» Task description: Look through the records, and whenever a line includes the word "agent", copy it.

Records from a data collection
.....

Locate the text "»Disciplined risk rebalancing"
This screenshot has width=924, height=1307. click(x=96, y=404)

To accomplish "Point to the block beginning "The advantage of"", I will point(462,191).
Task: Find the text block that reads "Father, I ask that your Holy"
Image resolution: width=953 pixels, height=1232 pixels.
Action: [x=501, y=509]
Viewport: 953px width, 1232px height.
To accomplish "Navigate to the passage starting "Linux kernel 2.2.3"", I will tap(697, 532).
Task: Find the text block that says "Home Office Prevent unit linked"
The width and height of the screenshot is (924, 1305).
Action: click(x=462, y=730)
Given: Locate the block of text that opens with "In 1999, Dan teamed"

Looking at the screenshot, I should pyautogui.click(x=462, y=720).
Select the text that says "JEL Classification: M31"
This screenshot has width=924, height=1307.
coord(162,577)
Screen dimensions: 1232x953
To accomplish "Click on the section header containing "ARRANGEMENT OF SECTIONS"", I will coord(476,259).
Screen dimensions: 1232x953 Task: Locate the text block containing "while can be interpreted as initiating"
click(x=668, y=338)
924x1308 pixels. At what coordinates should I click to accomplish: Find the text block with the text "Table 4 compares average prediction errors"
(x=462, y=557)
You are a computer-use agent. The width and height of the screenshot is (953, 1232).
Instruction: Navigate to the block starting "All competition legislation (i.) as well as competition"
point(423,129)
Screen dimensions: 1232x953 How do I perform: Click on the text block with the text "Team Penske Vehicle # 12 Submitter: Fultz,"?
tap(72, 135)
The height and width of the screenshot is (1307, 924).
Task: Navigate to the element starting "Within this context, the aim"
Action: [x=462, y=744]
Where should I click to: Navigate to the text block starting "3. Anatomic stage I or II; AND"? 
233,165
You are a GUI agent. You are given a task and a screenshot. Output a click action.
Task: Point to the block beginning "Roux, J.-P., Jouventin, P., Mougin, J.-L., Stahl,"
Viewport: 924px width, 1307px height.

.....

» Your solution:
You are a computer-use agent. The width and height of the screenshot is (953, 1232).
You are a GUI agent. You are given a task and a screenshot. Output a click action.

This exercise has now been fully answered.